As a last point we address the dependence of results on the connectivity of networks, where up till now *k*_{out} = 6 has been used. For this purpose, experiments are repeated for out-degrees ranging between *k*_{out} = 3 and *k*_{out} = 10 where saturation is observed. To enable sensible comparisons between different connectivities, coupling strengths for each connectivity were tuned to give the same degree of phase synchronization for out-degree regular random networks as for the reference case of *k*_{out} = 6. In this way, for each connectivity experiments started with the same initial degree of phase synchronization. Then, competitive influence maximizing rewiring was carried out and the stationary values of *r* and the fraction of synchronizing configurations *n*_{
s
} were recorded. Results are displayed in Fig. 5c,d, where we notice that influence maximization increasingly leads to concurrent enhancement of synchronization the larger the connectivity of the network. In fact, we find transition-like behaviour: for low connectivities no enhancement of synchronization through influence maximization can be achieved, whereas for larger connectivities and large enough coupling strengths almost all configurations allowed for influence maximization to substantially boost synchronization.

## Discussion

In this paper we have considered a process of network formation between non-identical Kuramoto oscillators based on individual oscillators competitively rewiring their out-connections with an aim to maximize their influence on the collective. For this we identified oscillators’ native frequencies with their goals and subsequently considered a scenario in which each oscillator tries to arrange its connections with the aim to make the system synchronize to its native frequency. We have shown that outcomes of such competitive influence-maximizing rewiring depend on the coupling strength and connectivity. Regimes for low and intermediate coupling exist, in which networks are rewired towards core-periphery architectures in which at least part of the close-to center oscillators are recruited to a frequency locked cluster. More interestingly, however, for all the scenarios we investigated, a regime exists in which competitive influence between agents of very widely divergent goals drives the system toward a synchrony-enhanced state. We find that typical network configurations in this state bear many of the hallmarks of network organization previously associated with synchrony-enhancement^{20,22,24,29}. Additionally, however, networks also carry a signature resulting from the growth process of the largest synchronized cluster, namely particular correlations of native frequencies of adjacent oscillators.

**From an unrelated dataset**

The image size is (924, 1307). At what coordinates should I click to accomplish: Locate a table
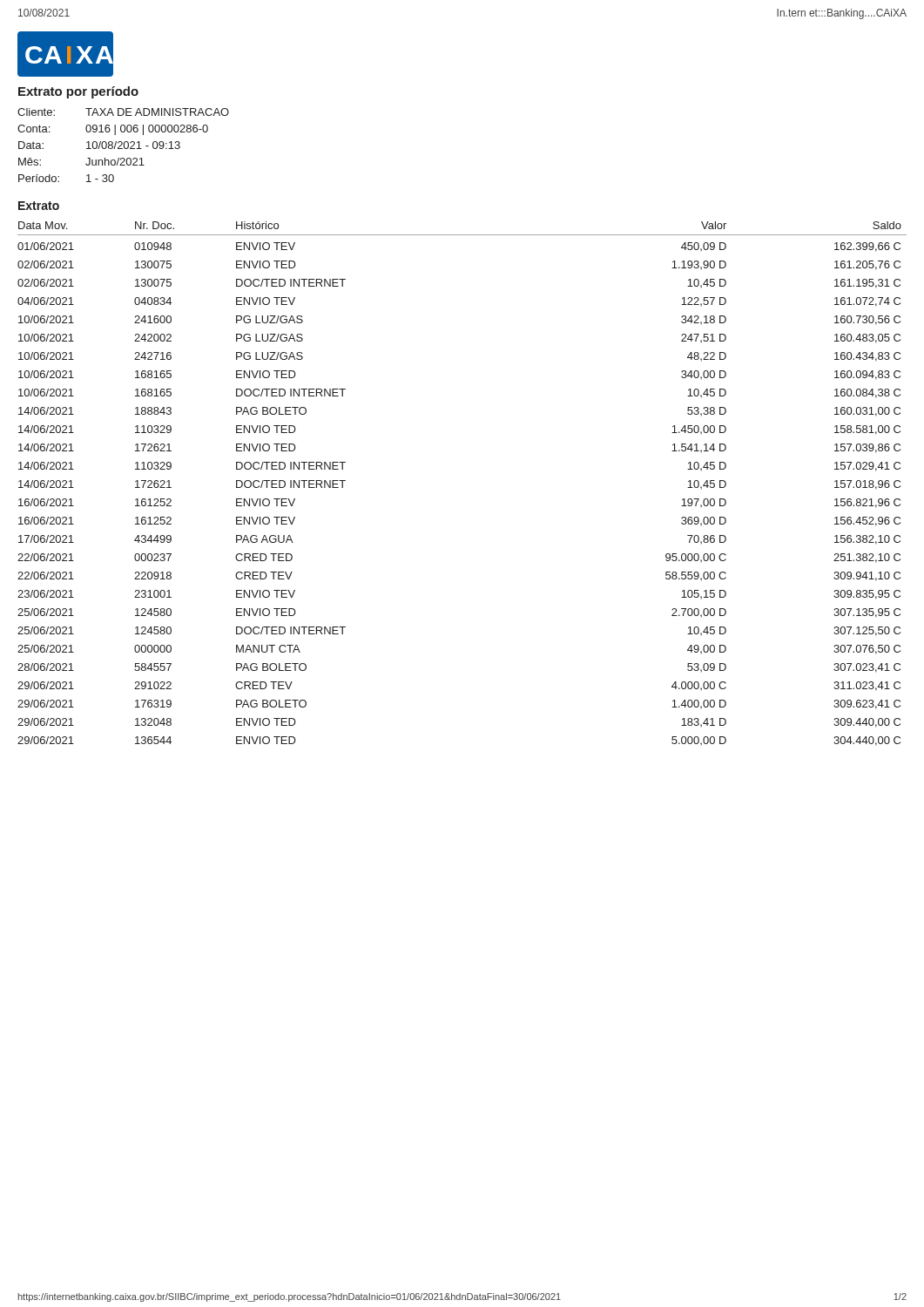click(x=462, y=483)
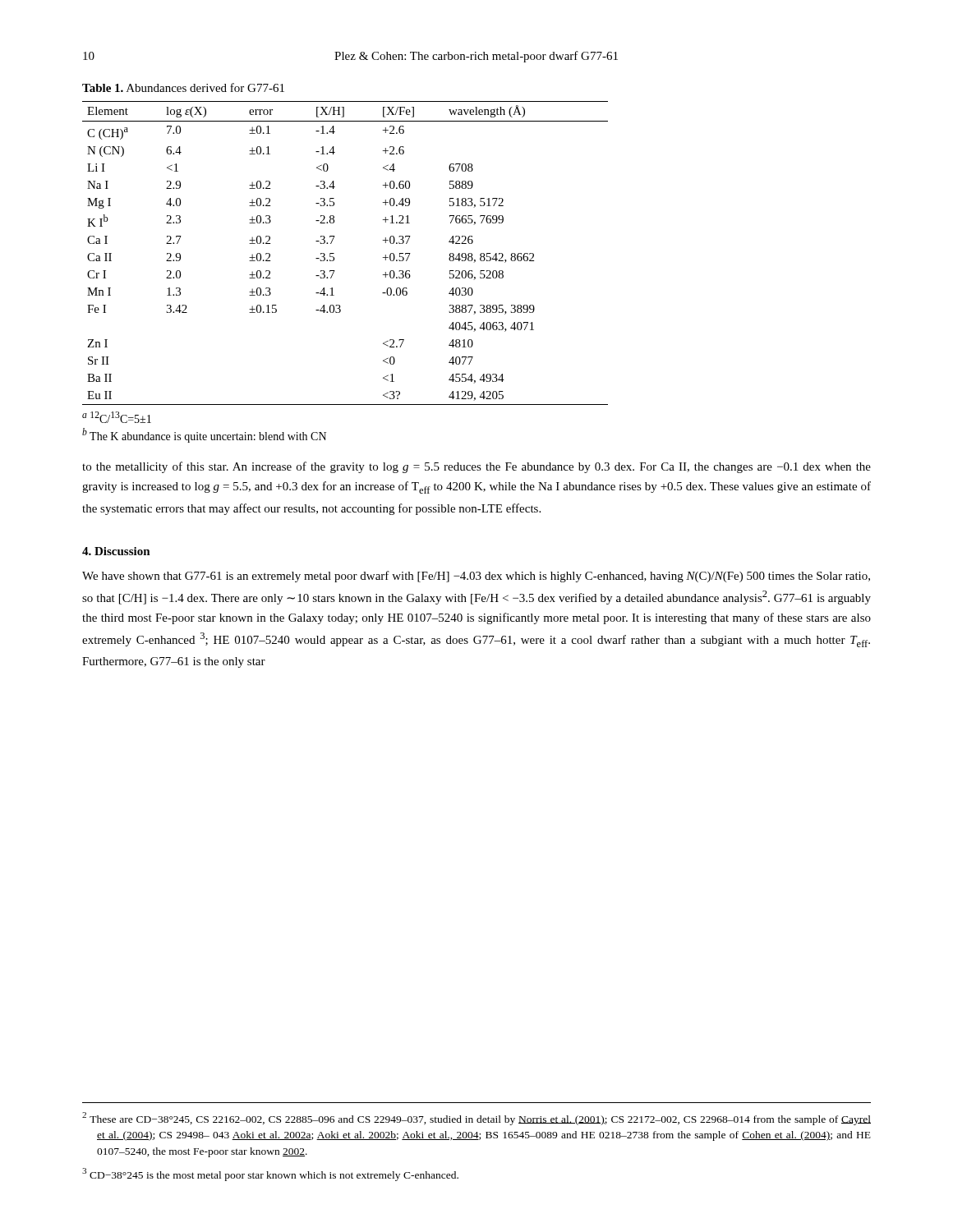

Traditionally, as pioneered by^{37} influence maximization has been typically considered in the very different context of *one* agent attempting to convert opinions of sets of agents with binary opinions in probabilistic settings. In this paper we are the first to consider the other extreme of the spectrum: a set of *many* agents with widely divergent goals competitively attempting to maximize their individual impact on the system. As we show for the particular case of non-linearly diffusively coupled Kuramoto agents, such a process can actually enhance consensus formation. Interestingly, this is already the case if only a small fraction of agents take part in the rewiring and can be optimized if only a certain fraction of agents is active.

We believe our results are of importance in at least two respects. First, to our knowledge, synchrony-enhancement has mostly been considered in a context where a central planner has the power to arrange system structure^{18,20,23}. Here we show how enhanced synchrony might arise as a by-product of influence maximization which might be a more realistic pathway for systems comprised of many self-interested heterogeneous agents. Second, results of this work would be of interest in the wider context of consensus formation in social dynamics^{38}. One wonders if our particular results in the context of the Kuramoto model can be generalized to typical models of consensus formation, which we believe is an interesting direction for future work.

## References

- 1.
Pikovsky, A., Rosenblum, M. & Kurths, J.

*Synchronization: A Universal Concept in Nonlinear Sciences*. (Cambridge University Press, Cambridge, UK, 2003). - 2.
Arenas, A., Diaz-Guilera, A., Kurths, J., Moreno, Y. & Zhou, C. Synchronization in complex networks.

*Phys. Rep.***469**, 93–153 (2008). - 3.
Dörfler, F. & Bullo, F. Synchronization in complex networks of phase oscillators: A survey.

*Automatica***50**, 1539–1564 (2014). - 4.
Rodrigues, A., Peron, T. K. D., Peng, J. & Kurths, J. The kuramoto model in complex networks.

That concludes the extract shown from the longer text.